**TRY IT:** Your copy of the lines below must match them exactly and contain no images.

**MATERIAL PROVIDED:**
* * * * * * * * *

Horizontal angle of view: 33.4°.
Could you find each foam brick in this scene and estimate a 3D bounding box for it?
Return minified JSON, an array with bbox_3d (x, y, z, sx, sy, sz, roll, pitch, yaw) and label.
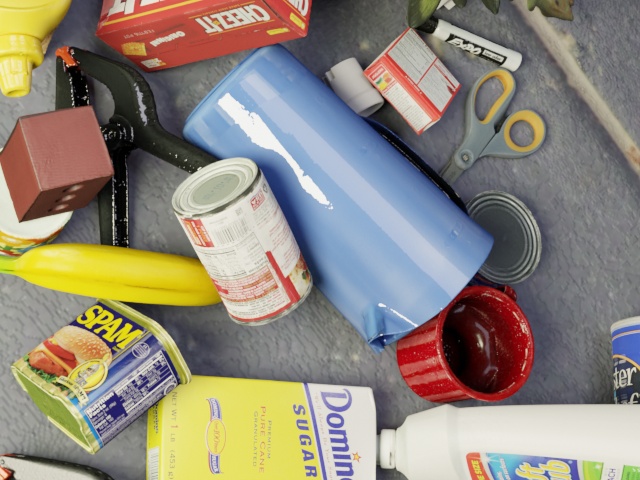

* * * * * * * * *

**EXERCISE RESULT:**
Horizontal angle of view: 33.4°.
Could you find each foam brick in this scene and estimate a 3D bounding box for it?
Return minified JSON, an array with bbox_3d (x, y, z, sx, sy, sz, roll, pitch, yaw) and label.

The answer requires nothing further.